Estas são as diretrizes gerais para a leitura da linha acima:

  • A id é a mesma que foi enviada no SUBMIT_SM_RESP do MT correspondente.
  • Você pode ignorar problemas no campo de texto: este campo é ignorado pelo Campaign porque é inútil, não confiável e pode até ser completamente ilegível se o SMS foi enviado usando outra codificação que não o ASCII alfanumérico puro. Este comportamento é normal.
  • Os nomes de campos não fazem distinção entre maiúsculas e minúsculas (por exemplo, id: sub: Texto: também pode ser anotado como ID: SUB: texto:).
  • dlvrd geralmente não é confiável, a menos que documentado pelo parceiro do SMS-C.
  • As datas podem ter qualquer fuso horário, tornando-as praticamente inúteis, ou simplesmente estão incorretas porque o relógio do servidor remoto está desligado.
  • stat O campo pode ter outros valores que não os definidos no apêndice B. Use o senso comum e a documentação do parceiro SMSC para entender seu significado.
  • err depende completamente do SMS-C e, na maioria das vezes, é documentado pelo parceiro SMS-C. Geralmente, o código 000 significa sucesso, enquanto qualquer outro código indica erros. O campo geralmente é numérico, mas também pode ser hexadecimal.


Vários SRs para o mesmo MT

Alguns SMS-Cs enviam vários SRs para o mesmo MT para rastrear o progresso do MT na rede. Isso é inútil porque, na maioria das vezes, o cliente deseja saber apenas quando a mensagem foi recebida (geralmente, esse é o último SR).

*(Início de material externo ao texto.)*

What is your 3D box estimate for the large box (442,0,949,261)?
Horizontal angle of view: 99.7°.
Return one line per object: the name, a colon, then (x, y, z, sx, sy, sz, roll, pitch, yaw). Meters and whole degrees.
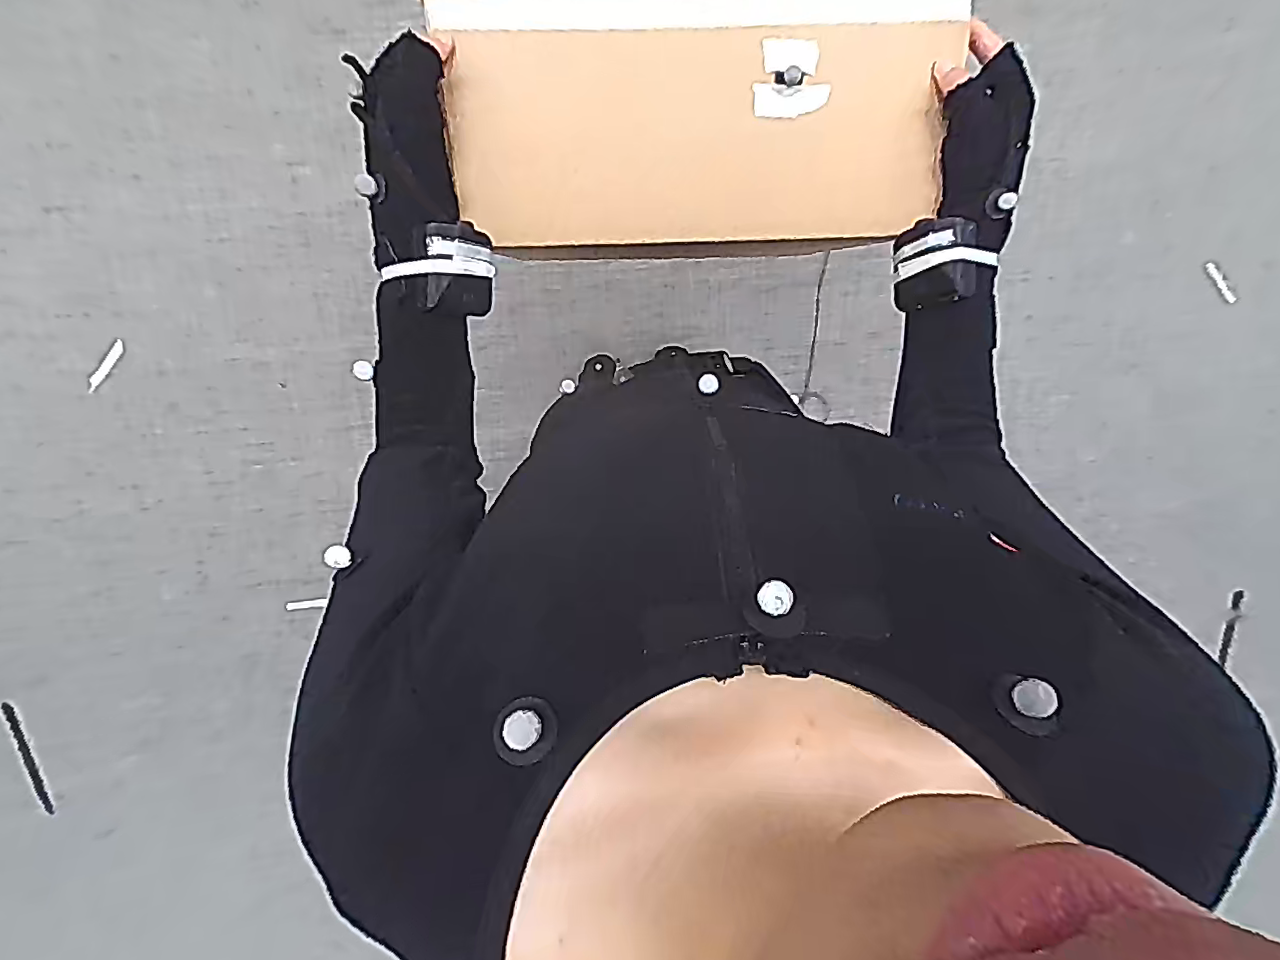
large box: (0.037, -0.408, 0.562, 0.408, 0.320, 0.320, -3, 111, -3)
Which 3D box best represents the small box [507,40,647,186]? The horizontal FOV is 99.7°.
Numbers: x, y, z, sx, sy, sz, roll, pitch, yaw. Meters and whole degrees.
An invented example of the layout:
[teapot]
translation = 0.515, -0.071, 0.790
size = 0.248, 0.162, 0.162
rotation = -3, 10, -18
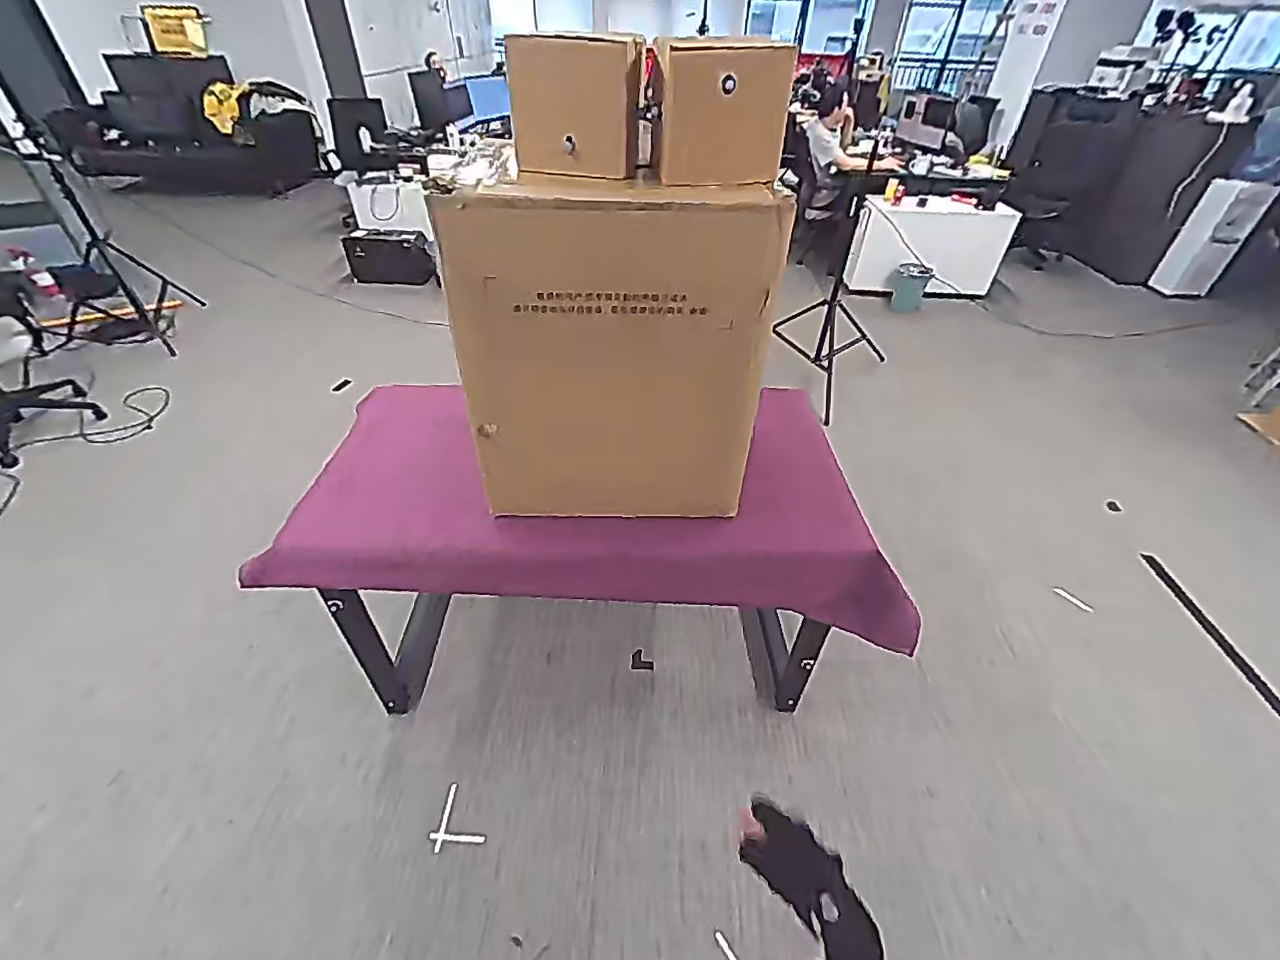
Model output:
[small box]
translation = -0.092, -0.576, 0.853
size = 0.179, 0.176, 0.168
rotation = 8, 40, 5
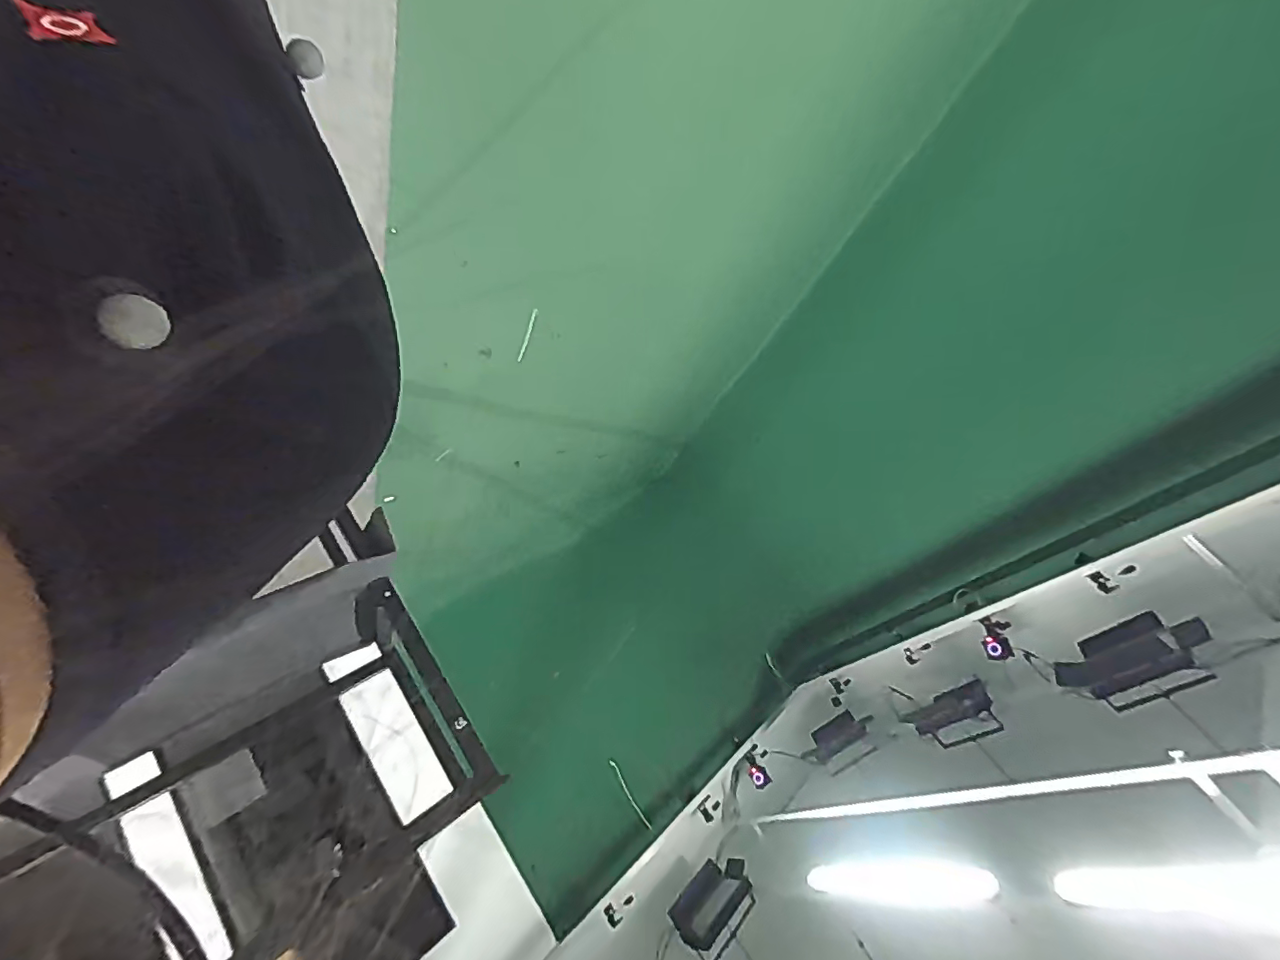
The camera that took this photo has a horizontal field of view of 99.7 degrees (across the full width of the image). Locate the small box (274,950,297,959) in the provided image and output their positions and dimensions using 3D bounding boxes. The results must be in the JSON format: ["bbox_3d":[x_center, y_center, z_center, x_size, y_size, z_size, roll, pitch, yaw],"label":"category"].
[{"bbox_3d":[-0.862,1.228,1.240,0.168,0.176,0.179,-25,161,-39],"label":"small box"}]
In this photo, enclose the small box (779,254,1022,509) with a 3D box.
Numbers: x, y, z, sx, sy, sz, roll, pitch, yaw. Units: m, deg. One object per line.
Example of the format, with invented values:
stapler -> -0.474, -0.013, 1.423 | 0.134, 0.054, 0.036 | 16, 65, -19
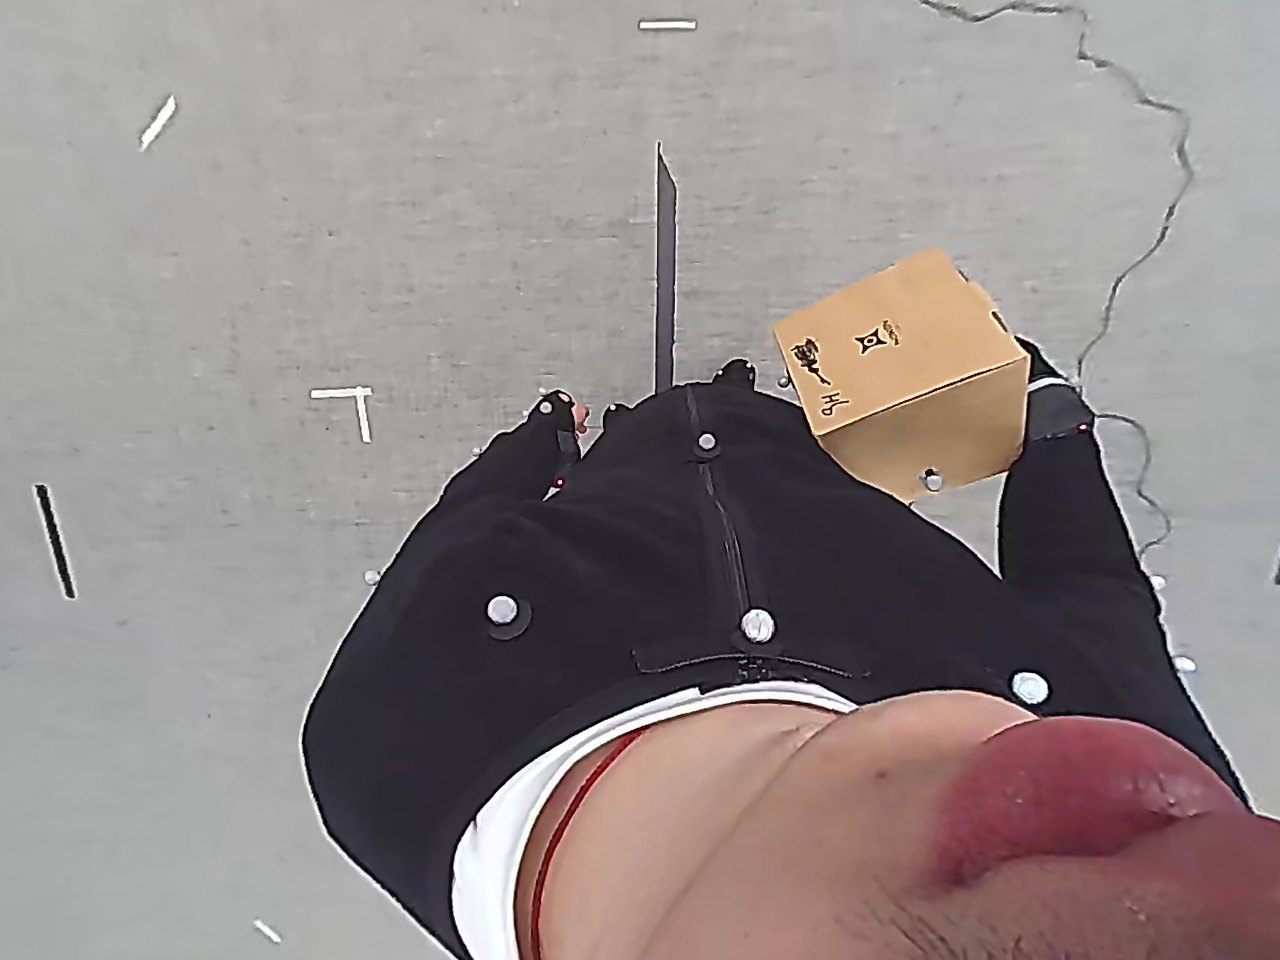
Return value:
small box -> 0.271, -0.095, 0.581 | 0.179, 0.168, 0.176 | -21, 139, 19
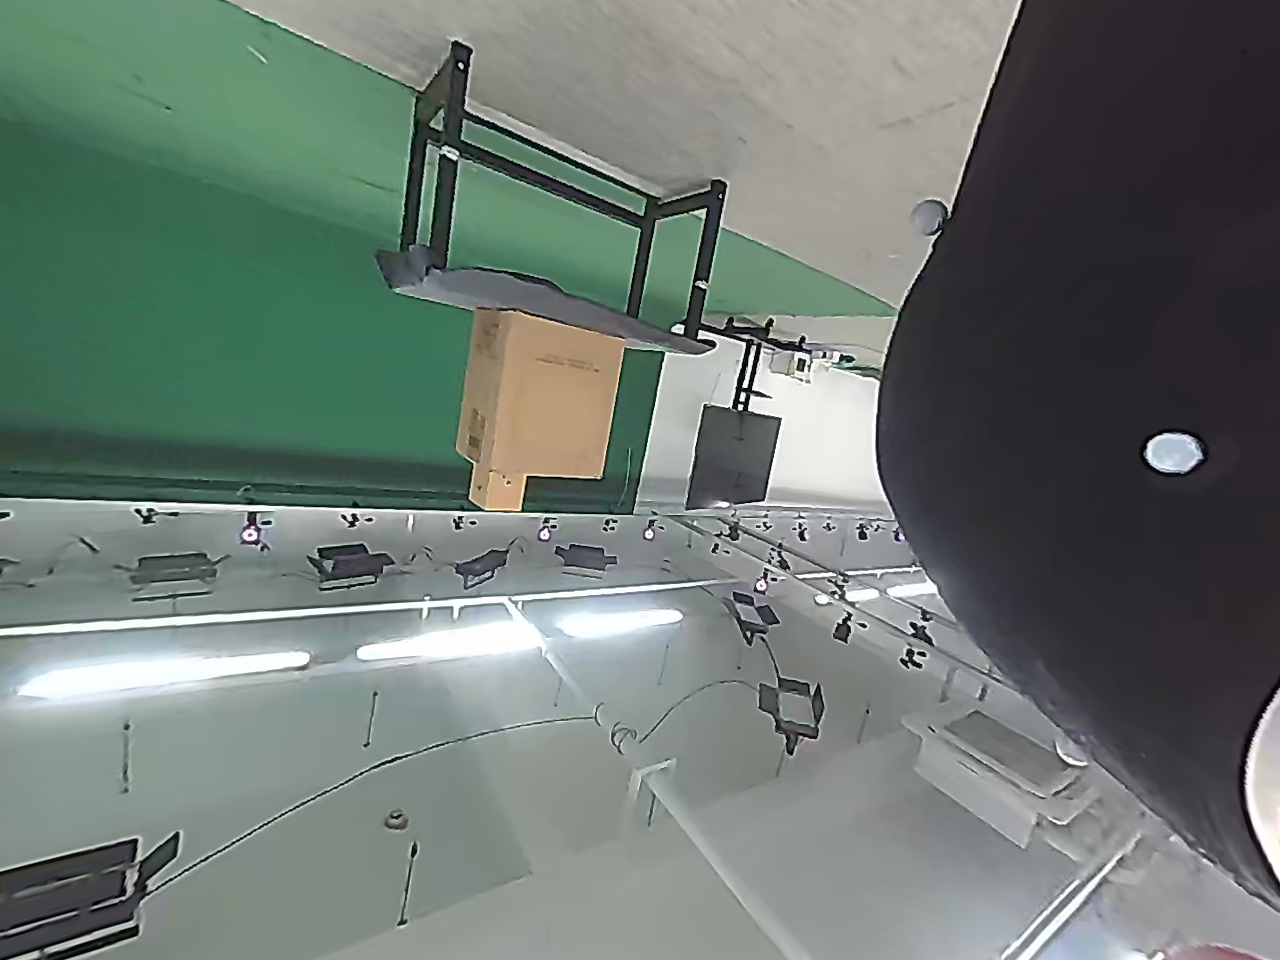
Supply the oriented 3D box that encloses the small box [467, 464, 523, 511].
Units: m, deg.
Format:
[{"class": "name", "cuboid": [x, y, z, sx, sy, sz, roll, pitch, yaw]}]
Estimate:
[{"class": "small box", "cuboid": [-0.610, 0.026, 2.291, 0.168, 0.176, 0.179, 4, -171, -40]}]
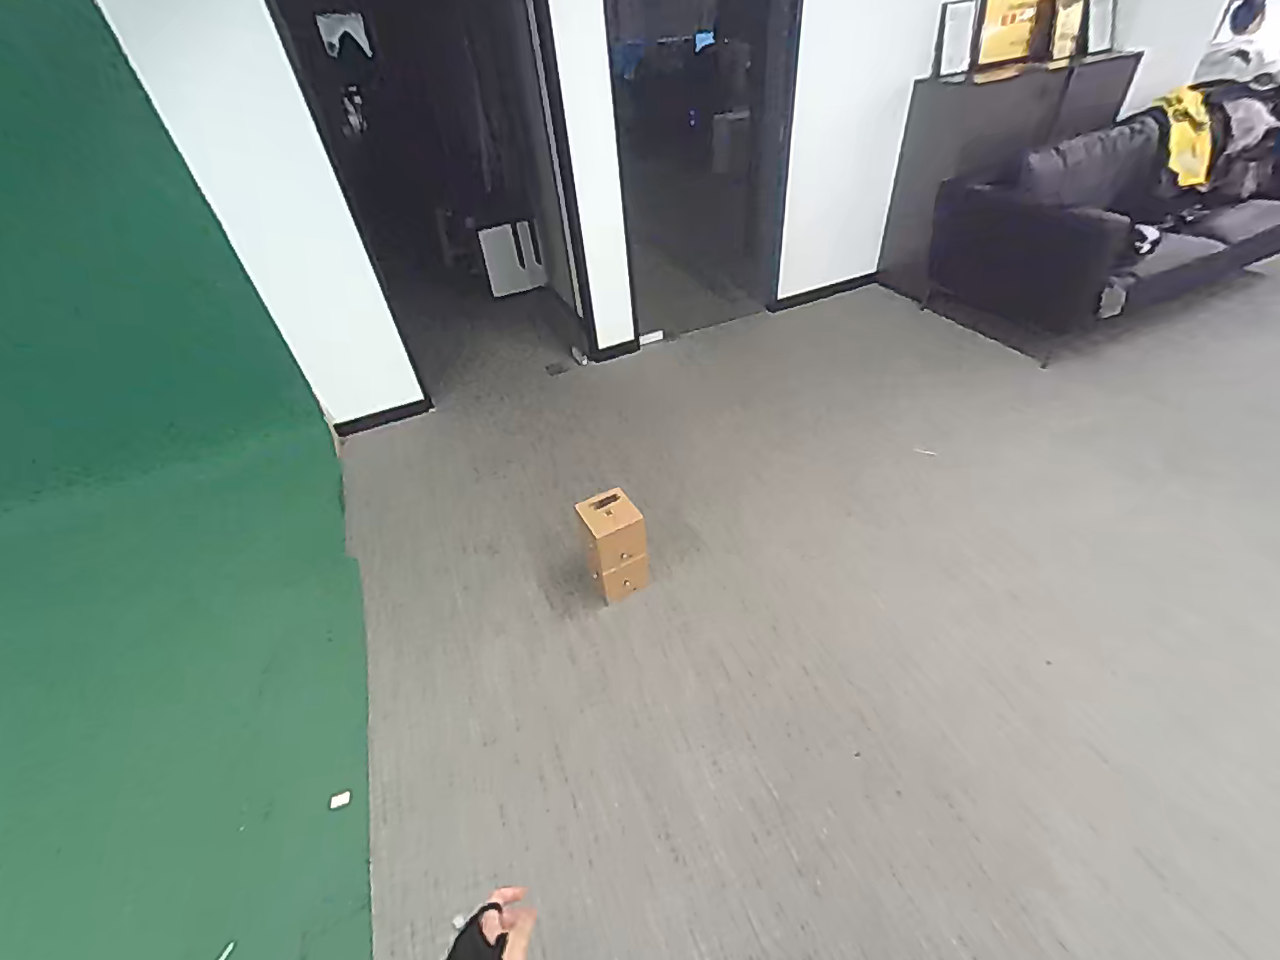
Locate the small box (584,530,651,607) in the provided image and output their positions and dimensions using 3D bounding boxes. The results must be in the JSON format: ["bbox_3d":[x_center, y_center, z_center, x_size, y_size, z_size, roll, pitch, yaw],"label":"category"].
[{"bbox_3d":[-0.073,0.311,1.861,0.168,0.176,0.179,-23,44,-19],"label":"small box"}]
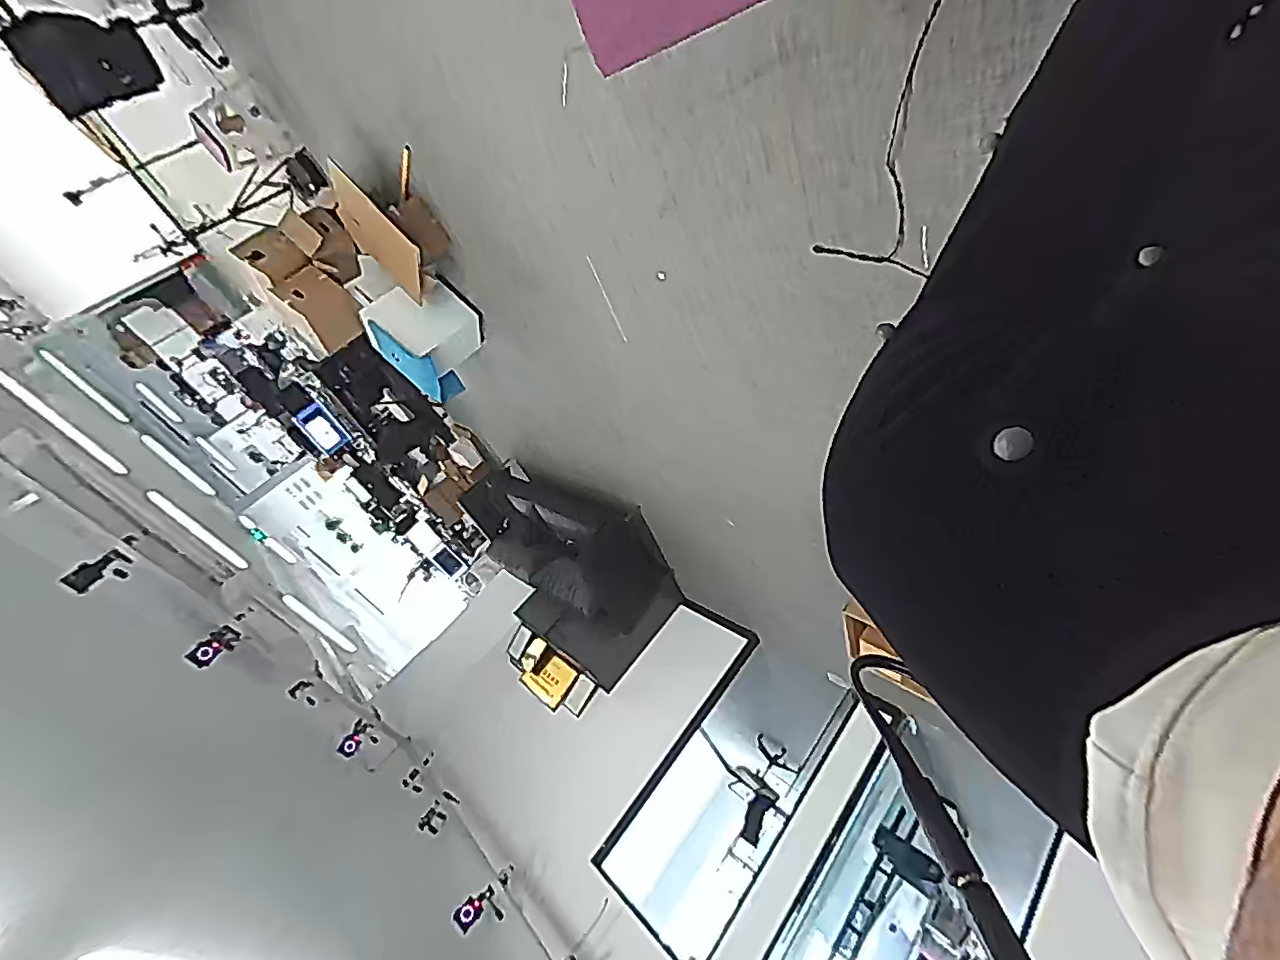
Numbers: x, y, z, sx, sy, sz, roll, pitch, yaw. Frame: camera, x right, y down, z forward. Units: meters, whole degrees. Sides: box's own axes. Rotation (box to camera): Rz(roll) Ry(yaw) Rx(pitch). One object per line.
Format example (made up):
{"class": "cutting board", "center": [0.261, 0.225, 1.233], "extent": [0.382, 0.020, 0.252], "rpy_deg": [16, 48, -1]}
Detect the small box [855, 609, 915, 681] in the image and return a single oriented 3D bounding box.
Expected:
{"class": "small box", "center": [0.970, 0.650, 2.141], "extent": [0.168, 0.176, 0.179], "rpy_deg": [24, 148, 39]}

Na dúvida, trabalhe somente no último SR recebido do SMS-C para encontrar o estado de uma mensagem.

Janela SMPP

Como as operações e respostas são assíncronas, você pode otimizar as taxas de transferência enviando vários PDUs de operação antes de aguardar as respostas. O número de mensagens que não têm resposta é chamado de janela.

Exemplo de transmissão com uma janela máxima de 4:
smpp10
A implementação atual não controla a janela e espera que o SMS-C remoto seja rápido o suficiente para lidar com o MT.